Вновь и вновь в годы высоких темпов роста, назовем хотя бы 1958,1965,1974 и начало 1980-х, им удавалось возрождать национальную экономику и вести ее по сияющему столетнему пути исключительного динамизма. Однако на этот раз такому не суждено было случиться.
Отчего же внезапный застой?
Почему же Япония, которая так бурно и стабильно развивалась на протяжении более чем ста лет, вдруг обнаружила, что ей трудно расти? Почему ее резко обогнали такие страны, как США, не говоря уже о ее динамичных азиатских соседях, которые так долго казались неспособными даже близко подойти к японским стандартам производительности? И почему столь выраженный относительный сдвиг в моделях роста – от образцовой к неубедительной, по сравнению как с внешне похожими странами, так и с собственным прошлым, – произошел именно тогда, когда произошел, и так внезапно? Каковы необходимые предпосылки, включая институциональные преобразования, для долгосрочного возрождения Японии? Насколько важны как ограничители необходимых перемен унаследованная политическая культура и укоренившиеся элиты?

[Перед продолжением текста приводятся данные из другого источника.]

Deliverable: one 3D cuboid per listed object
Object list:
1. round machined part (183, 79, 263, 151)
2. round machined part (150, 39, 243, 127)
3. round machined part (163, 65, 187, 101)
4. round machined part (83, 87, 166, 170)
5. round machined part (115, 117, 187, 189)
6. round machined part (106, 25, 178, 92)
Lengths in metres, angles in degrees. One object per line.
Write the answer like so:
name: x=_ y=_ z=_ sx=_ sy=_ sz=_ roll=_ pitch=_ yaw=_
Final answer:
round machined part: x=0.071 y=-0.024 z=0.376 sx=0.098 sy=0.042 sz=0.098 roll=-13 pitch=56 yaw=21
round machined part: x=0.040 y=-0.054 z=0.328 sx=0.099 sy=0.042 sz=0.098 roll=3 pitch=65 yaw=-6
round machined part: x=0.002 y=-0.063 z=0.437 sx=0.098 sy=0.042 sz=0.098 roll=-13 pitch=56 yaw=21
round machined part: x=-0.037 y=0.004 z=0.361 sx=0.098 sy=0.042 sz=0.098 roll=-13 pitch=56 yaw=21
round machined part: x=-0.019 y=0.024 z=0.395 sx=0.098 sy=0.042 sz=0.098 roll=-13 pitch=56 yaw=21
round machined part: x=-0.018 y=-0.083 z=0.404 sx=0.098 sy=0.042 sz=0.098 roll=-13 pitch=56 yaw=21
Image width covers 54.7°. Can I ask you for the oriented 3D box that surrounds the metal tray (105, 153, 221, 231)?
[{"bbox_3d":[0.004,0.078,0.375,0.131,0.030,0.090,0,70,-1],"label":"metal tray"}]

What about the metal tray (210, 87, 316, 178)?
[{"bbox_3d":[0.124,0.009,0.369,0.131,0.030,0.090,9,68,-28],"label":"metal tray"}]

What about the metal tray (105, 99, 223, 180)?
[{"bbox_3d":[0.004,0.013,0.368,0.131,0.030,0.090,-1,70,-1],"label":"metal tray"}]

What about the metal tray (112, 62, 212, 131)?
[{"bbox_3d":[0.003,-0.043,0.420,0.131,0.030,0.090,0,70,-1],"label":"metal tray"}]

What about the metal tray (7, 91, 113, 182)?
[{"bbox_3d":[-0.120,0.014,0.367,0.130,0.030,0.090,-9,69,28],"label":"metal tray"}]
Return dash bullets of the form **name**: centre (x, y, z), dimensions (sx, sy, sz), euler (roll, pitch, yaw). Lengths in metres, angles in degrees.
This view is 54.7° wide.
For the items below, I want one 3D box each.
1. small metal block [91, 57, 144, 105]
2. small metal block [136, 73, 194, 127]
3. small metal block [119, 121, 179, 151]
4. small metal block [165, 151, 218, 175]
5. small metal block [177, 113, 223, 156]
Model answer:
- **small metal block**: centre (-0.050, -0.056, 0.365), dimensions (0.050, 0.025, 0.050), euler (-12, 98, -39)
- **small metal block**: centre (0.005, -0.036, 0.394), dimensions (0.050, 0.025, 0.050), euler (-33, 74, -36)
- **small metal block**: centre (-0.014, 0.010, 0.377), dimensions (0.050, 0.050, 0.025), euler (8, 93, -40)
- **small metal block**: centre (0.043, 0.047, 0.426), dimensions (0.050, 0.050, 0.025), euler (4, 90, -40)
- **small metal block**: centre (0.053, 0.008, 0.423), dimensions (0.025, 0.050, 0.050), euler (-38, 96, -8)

Очевидно, что в таком внезапном и тревожном преображении Японии кроется парадокс, имеющий большое значение как в сфере практических дел, так и для теории социальных наук.

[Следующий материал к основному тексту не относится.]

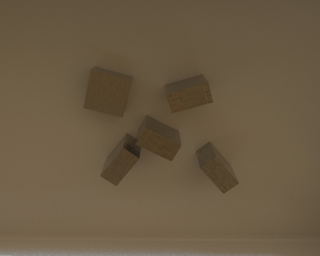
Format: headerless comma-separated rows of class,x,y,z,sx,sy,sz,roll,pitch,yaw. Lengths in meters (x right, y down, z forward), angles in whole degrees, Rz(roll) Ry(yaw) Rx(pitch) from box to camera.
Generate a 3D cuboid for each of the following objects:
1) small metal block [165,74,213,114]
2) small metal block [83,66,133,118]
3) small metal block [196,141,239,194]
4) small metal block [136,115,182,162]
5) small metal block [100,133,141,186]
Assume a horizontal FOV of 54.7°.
small metal block,0.034,-0.043,0.383,0.050,0.050,0.025,-15,110,5
small metal block,-0.065,-0.046,0.394,0.050,0.025,0.050,14,109,-6
small metal block,0.076,0.052,0.418,0.025,0.050,0.050,-39,106,13
small metal block,-0.002,0.012,0.403,0.050,0.050,0.025,27,108,-10
small metal block,-0.051,0.041,0.412,0.025,0.050,0.050,36,106,-13
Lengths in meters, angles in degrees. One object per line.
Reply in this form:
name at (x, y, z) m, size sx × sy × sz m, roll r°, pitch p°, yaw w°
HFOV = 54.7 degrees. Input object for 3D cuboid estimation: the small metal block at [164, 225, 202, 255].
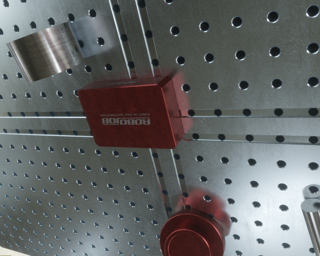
small metal block at (0.038, 0.195, 0.512) m, size 0.050 × 0.025 × 0.050 m, roll 20°, pitch 126°, yaw 16°

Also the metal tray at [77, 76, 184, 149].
metal tray at (-0.040, -0.019, 0.418) m, size 0.130 × 0.030 × 0.089 m, roll 0°, pitch 119°, yaw 28°

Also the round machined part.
round machined part at (0.045, 0.175, 0.462) m, size 0.098 × 0.042 × 0.097 m, roll 2°, pitch 97°, yaw 19°

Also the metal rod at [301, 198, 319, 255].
metal rod at (0.241, 0.221, 0.420) m, size 0.025 × 0.025 × 0.299 m, roll -11°, pitch 113°, yaw 33°

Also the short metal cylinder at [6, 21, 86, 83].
short metal cylinder at (-0.142, -0.096, 0.391) m, size 0.080 × 0.080 × 0.050 m, roll -7°, pitch 115°, yaw 31°
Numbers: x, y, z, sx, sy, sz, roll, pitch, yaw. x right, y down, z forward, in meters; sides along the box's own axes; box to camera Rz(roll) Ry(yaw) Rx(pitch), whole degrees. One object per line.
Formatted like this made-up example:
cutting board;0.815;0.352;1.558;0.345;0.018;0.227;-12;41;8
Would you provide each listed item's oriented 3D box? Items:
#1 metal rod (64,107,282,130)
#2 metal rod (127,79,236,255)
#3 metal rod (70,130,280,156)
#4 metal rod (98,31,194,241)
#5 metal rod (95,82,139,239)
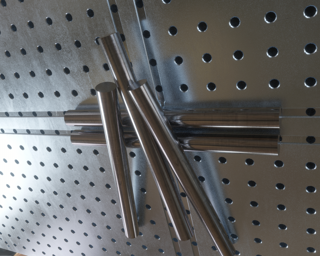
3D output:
metal rod;-0.003;-0.013;0.404;0.301;0.025;0.025;1;119;27
metal rod;0.039;0.071;0.409;0.025;0.025;0.299;-11;120;32
metal rod;0.001;0.017;0.420;0.301;0.025;0.025;1;119;27
metal rod;-0.010;0.027;0.400;0.025;0.025;0.298;-6;116;31
metal rod;-0.056;0.069;0.458;0.025;0.025;0.298;13;131;20

Где же быстрое возрождение?
Средний индекс Nikkei 225 Токийской фондовой биржи в конце декабря 1989 года достиг почти 39 00019. Двадцать пять лет спустя, к концу 2016 года, несмотря на масштабные усилия по стимулированию экономики, множество планов структурных реформ и четыре крупные смены политической власти, он все еще составлял менее половины этого числа20.

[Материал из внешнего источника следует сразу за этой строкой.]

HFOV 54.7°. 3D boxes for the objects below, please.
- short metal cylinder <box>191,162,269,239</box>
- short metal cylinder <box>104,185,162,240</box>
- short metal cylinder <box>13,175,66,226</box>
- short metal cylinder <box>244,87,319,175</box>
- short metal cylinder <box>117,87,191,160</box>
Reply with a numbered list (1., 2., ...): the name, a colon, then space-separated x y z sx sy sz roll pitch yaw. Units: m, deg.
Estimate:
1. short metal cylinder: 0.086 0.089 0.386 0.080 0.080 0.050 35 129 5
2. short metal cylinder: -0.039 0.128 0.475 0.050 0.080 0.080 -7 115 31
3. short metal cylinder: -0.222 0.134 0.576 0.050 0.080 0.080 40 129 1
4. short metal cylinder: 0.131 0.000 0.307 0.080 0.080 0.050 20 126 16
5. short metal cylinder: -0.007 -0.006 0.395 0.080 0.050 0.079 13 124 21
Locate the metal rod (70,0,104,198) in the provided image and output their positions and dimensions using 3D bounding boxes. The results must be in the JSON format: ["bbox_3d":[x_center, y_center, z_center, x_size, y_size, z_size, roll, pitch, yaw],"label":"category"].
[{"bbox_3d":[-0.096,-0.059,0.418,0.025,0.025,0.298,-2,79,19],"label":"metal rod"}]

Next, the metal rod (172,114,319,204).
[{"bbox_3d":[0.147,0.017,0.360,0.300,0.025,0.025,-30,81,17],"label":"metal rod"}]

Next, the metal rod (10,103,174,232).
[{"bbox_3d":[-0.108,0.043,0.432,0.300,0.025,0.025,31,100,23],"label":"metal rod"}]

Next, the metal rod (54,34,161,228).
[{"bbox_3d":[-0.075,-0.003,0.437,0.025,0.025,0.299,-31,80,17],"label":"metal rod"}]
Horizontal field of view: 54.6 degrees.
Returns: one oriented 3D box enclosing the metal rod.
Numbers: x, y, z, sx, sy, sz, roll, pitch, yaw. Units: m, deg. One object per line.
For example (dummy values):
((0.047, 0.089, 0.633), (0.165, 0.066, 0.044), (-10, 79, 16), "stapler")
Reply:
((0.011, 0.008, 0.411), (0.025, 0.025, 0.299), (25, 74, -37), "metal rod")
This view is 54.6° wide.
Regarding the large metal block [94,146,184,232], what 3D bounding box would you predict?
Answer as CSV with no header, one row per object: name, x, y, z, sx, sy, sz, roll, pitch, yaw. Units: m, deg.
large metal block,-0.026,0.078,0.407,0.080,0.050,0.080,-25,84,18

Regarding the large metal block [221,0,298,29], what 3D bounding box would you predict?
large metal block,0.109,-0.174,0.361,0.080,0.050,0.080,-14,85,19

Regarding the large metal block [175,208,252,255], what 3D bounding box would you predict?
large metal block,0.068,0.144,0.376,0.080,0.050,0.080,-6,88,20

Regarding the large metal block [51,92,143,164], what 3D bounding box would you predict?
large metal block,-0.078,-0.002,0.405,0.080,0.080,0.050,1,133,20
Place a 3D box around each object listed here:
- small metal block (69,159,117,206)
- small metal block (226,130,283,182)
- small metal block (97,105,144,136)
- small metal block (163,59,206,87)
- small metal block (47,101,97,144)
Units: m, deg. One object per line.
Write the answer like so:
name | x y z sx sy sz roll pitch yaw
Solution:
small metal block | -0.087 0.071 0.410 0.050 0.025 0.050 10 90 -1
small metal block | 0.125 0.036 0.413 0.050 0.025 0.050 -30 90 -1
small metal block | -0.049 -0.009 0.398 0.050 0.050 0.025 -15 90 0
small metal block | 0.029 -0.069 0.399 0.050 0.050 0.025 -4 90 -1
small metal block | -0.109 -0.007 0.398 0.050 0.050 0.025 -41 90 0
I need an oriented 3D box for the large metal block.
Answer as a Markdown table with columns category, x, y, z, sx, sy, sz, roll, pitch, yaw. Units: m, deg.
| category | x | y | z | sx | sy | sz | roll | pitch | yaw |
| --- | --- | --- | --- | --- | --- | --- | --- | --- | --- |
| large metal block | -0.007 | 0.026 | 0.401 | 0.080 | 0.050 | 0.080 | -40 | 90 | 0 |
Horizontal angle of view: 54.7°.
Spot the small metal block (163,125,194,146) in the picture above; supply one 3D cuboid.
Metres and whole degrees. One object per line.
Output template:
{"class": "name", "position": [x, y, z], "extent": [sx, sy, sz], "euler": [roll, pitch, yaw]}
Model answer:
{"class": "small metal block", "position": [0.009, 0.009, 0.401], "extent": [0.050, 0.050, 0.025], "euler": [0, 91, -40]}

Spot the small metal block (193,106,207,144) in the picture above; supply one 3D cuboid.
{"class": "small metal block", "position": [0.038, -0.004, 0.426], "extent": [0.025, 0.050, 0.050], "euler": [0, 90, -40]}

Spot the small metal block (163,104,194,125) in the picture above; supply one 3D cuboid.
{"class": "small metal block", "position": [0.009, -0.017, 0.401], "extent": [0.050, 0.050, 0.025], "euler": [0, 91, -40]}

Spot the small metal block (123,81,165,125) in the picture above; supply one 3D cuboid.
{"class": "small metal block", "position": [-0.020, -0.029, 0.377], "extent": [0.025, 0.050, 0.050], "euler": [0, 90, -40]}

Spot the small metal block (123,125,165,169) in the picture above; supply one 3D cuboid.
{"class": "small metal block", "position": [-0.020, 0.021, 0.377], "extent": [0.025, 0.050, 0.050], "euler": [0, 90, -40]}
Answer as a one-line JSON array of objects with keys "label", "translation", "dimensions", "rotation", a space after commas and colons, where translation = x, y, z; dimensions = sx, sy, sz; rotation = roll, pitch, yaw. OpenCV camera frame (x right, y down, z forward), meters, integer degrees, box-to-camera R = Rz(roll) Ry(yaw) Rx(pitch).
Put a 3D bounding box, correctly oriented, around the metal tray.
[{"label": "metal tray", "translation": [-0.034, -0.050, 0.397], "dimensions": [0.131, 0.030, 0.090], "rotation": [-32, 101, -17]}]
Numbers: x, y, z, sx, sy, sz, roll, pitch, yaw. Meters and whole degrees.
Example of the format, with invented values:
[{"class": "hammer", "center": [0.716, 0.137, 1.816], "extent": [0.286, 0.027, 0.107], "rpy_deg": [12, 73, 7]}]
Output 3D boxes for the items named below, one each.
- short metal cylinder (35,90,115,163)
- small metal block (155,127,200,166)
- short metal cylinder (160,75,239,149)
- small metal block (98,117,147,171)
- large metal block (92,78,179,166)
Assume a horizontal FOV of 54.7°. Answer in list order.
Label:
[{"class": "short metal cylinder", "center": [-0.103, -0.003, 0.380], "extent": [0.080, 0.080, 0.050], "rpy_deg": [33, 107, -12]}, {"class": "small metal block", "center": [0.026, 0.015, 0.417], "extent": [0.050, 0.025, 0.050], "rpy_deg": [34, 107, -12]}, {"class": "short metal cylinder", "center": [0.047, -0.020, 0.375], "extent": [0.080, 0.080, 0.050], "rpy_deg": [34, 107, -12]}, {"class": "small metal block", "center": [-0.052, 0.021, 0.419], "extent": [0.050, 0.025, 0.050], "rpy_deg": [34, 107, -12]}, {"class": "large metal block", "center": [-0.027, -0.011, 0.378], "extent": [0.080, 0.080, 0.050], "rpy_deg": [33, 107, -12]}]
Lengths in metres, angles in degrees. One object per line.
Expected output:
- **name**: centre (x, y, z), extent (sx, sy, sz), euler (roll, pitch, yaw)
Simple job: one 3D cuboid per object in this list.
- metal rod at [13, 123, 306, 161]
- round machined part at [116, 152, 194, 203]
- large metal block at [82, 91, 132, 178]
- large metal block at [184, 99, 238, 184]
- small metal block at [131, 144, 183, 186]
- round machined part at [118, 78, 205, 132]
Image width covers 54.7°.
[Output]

Признанные реформаторы, от Морихиро Хосокавы и Дзюньитиро Коидзуми до Юкио Хатоямы, Наото Кана и Ёсихико Нода, приходили и уходили, но, несмотря на изменения в избирательных и нормативных правилах, которые должны были бы существенно изменить стимулирующие политико-экономические структуры, никто из них не добился серьезных структурных изменений. В то время как Синдзо Абэ с его хваленой направленной на борьбу с дефляционным давлением программой «трех стрел» с помощью агрессивных монетарных и бюджетных послаблений смог на время оживить фондовый рынок, третья стрела структурной реформы не показала никаких признаков изменения политико-экономической системы Японии. Рост экономики продолжал идти по неопределенной траектории, как это показано на рис. 1.1. Торговый баланс страны по товарным позициям постоянно оставался дефицитным (особенно после аварии на АЭС Фукусима в 2011 году), даже в то время, когда соседи Японии, наряду с большинством развитых промышленных стран, сохраняли гораздо более высокие темпы роста. Например, во втором квартале 2015 года экономика Японии сжалась в объеме на 0,7 % в годовом исчислении, а дефицит торгового баланса по товарным позициям остался на уровне 406,6 млрд йен, поскольку экспорт, несмотря на ослабление иены, не увеличился [Ministry of Finance 2016].